> What you will do
Below are entries. Reproduce exactly the lines between the line holding "Identify the document" and the line holding "text Ik ben", inclusive, and only those.

> Records shown
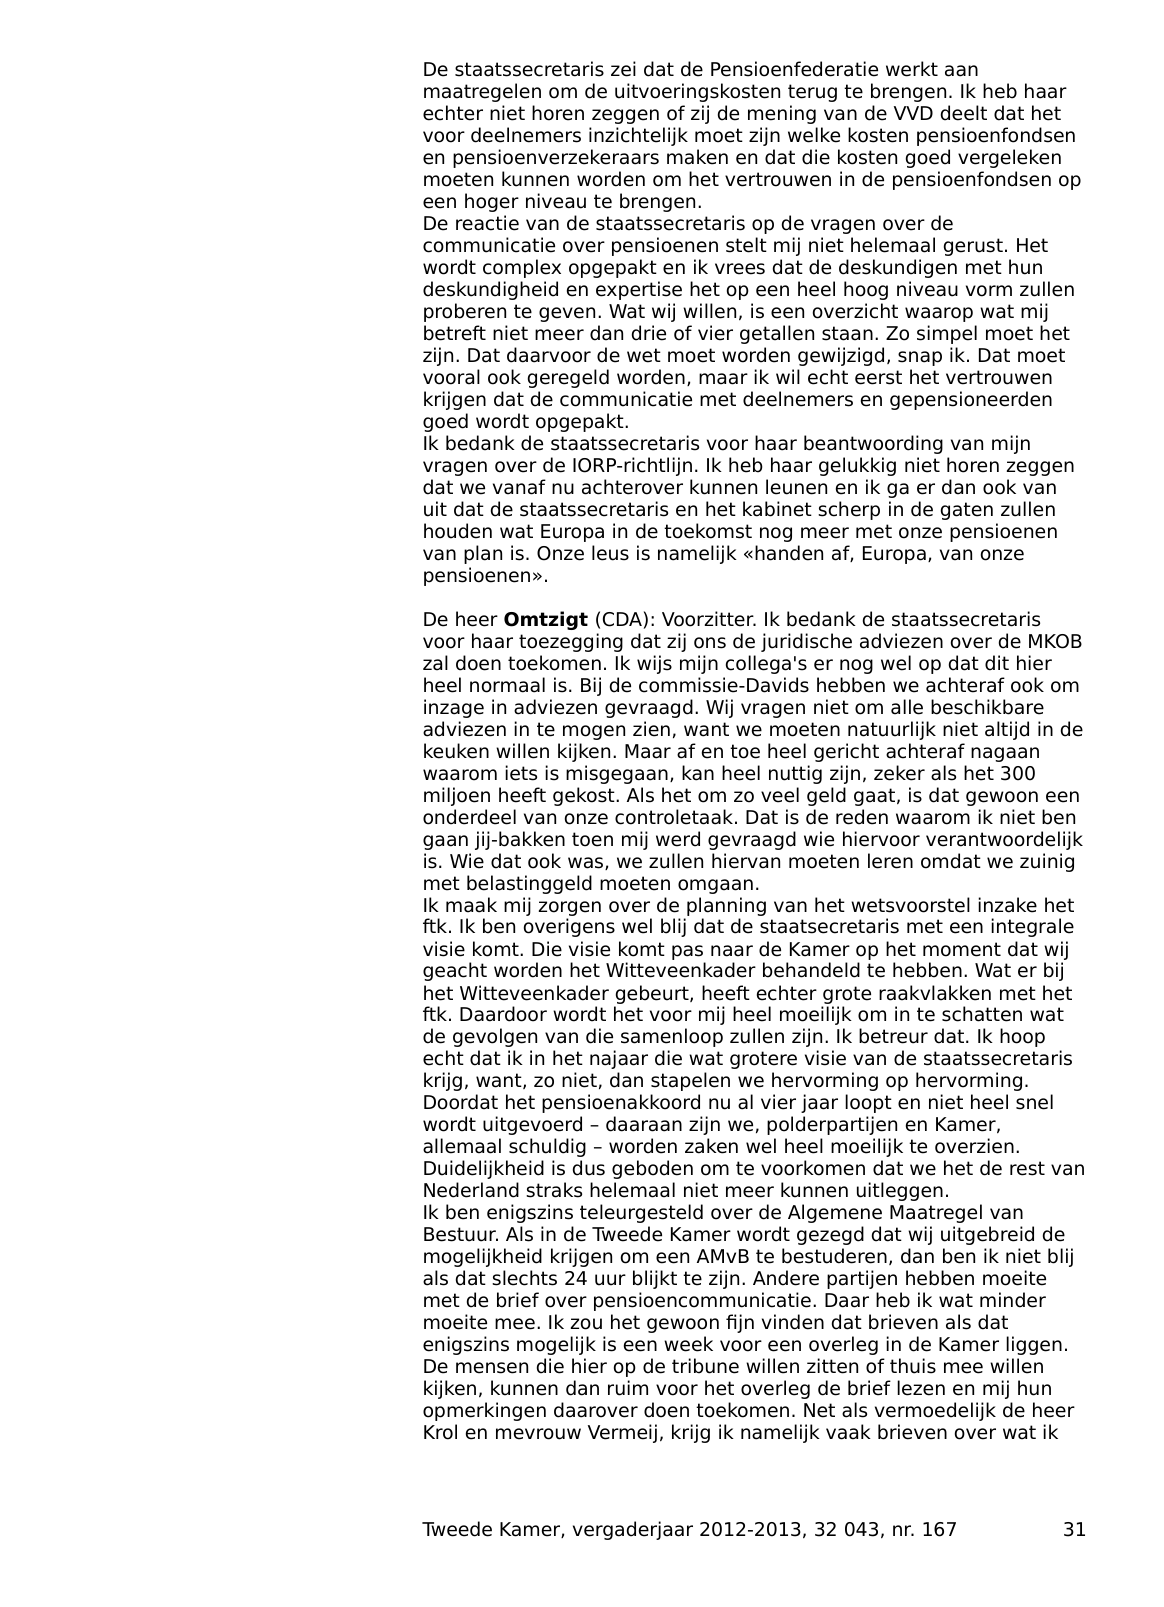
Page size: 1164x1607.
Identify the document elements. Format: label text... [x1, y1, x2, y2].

text Ik ben enigszins teleurgesteld over de Algemene Maatregel van Bestuur. Als in de Tweede Kamer wordt gezegd dat wij uitgebreid de mogelijkheid krijgen om een AMvB te bestuderen, dan ben ik niet blij als dat slechts 24 uur blijkt te zijn. Andere partijen hebben moeite met de brief over pensioencommunicatie. Daar heb ik wat minder moeite mee. Ik zou het gewoon fijn vinden dat brieven als dat enigszins mogelijk is een week voor een overleg in de Kamer liggen. De mensen die hier op de tribune willen zitten of thuis mee willen kijken, kunnen dan ruim voor het overleg de brief lezen en mij hun opmerkingen daarover doen toekomen. Net als vermoedelijk de heer Krol en mevrouw Vermeij, krijg ik namelijk vaak brieven over wat ik [422, 1202, 1087, 1444]
text Ik bedank de staatssecretaris voor haar beantwoording van mijn vragen over de IORP-richtlijn. Ik heb haar gelukkig niet horen zeggen dat we vanaf nu achterover kunnen leunen en ik ga er dan ook van uit dat de staatssecretaris en het kabinet scherp in de gaten zullen houden wat Europa in de toekomst nog meer met onze pensioenen van plan is. Onze leus is namelijk «handen af, Europa, van onze pensioenen». [422, 433, 1087, 587]
text De reactie van de staatssecretaris op de vragen over de communicatie over pensioenen stelt mij niet helemaal gerust. Het wordt complex opgepakt en ik vrees dat de deskundigen met hun deskundigheid en expertise het op een heel hoog niveau vorm zullen proberen te geven. Wat wij willen, is een overzicht waarop wat mij betreft niet meer dan drie of vier getallen staan. Zo simpel moet het zijn. Dat daarvoor de wet moet worden gewijzigd, snap ik. Dat moet vooral ook geregeld worden, maar ik wil echt eerst het vertrouwen krijgen dat de communicatie met deelnemers en gepensioneerden goed wordt opgepakt. [422, 213, 1087, 433]
text De staatssecretaris zei dat de Pensioenfederatie werkt aan maatregelen om de uitvoeringskosten terug te brengen. Ik heb haar echter niet horen zeggen of zij de mening van de VVD deelt dat het voor deelnemers inzichtelijk moet zijn welke kosten pensioenfondsen en pensioenverzekeraars maken en dat die kosten goed vergeleken moeten kunnen worden om het vertrouwen in de pensioenfondsen op een hoger niveau te brengen. [422, 59, 1087, 213]
text Ik maak mij zorgen over de planning van het wetsvoorstel inzake het ftk. Ik ben overigens wel blij dat de staatsecretaris met een integrale visie komt. Die visie komt pas naar de Kamer op het moment dat wij geacht worden het Witteveenkader behandeld te hebben. Wat er bij het Witteveenkader gebeurt, heeft echter grote raakvlakken met het ftk. Daardoor wordt het voor mij heel moeilijk om in te schatten wat de gevolgen van die samenloop zullen zijn. Ik betreur dat. Ik hoop echt dat ik in het najaar die wat grotere visie van de staatssecretaris krijg, want, zo niet, dan stapelen we hervorming op hervorming. Doordat het pensioenakkoord nu al vier jaar loopt en niet heel snel wordt uitgevoerd – daaraan zijn we, polderpartijen en Kamer, allemaal schuldig – worden zaken wel heel moeilijk te overzien. Duidelijkheid is dus geboden om te voorkomen dat we het de rest van Nederland straks helemaal niet meer kunnen uitleggen. [422, 894, 1087, 1202]
text De heer Omtzigt (CDA): Voorzitter. Ik bedank de staatssecretaris voor haar toezegging dat zij ons de juridische adviezen over de MKOB zal doen toekomen. Ik wijs mijn collega's er nog wel op dat dit hier heel normaal is. Bij de commissie-Davids hebben we achteraf ook om inzage in adviezen gevraagd. Wij vragen niet om alle beschikbare adviezen in te mogen zien, want we moeten natuurlijk niet altijd in de keuken willen kijken. Maar af en toe heel gericht achteraf nagaan waarom iets is misgegaan, kan heel nuttig zijn, zeker als het 300 miljoen heeft gekost. Als het om zo veel geld gaat, is dat gewoon een onderdeel van onze controletaak. Dat is de reden waarom ik niet ben gaan jij-bakken toen mij werd gevraagd wie hiervoor verantwoordelijk is. Wie dat ook was, we zullen hiervan moeten leren omdat we zuinig met belastinggeld moeten omgaan. [422, 609, 1087, 894]

> Expected answer
Identify the document elements. Format: label text... [x1, y1, x2, y2].

text Ik ben enigszins teleurgesteld over de Algemene Maatregel van Bestuur. Als in de Tweede Kamer wordt gezegd dat wij uitgebreid de mogelijkheid krijgen om een AMvB te bestuderen, dan ben ik niet blij als dat slechts 24 uur blijkt te zijn. Andere partijen hebben moeite met de brief over pensioencommunicatie. Daar heb ik wat minder moeite mee. Ik zou het gewoon fijn vinden dat brieven als dat enigszins mogelijk is een week voor een overleg in de Kamer liggen. De mensen die hier op de tribune willen zitten of thuis mee willen kijken, kunnen dan ruim voor het overleg de brief lezen en mij hun opmerkingen daarover doen toekomen. Net als vermoedelijk de heer Krol en mevrouw Vermeij, krijg ik namelijk vaak brieven over wat ik [422, 1202, 1087, 1444]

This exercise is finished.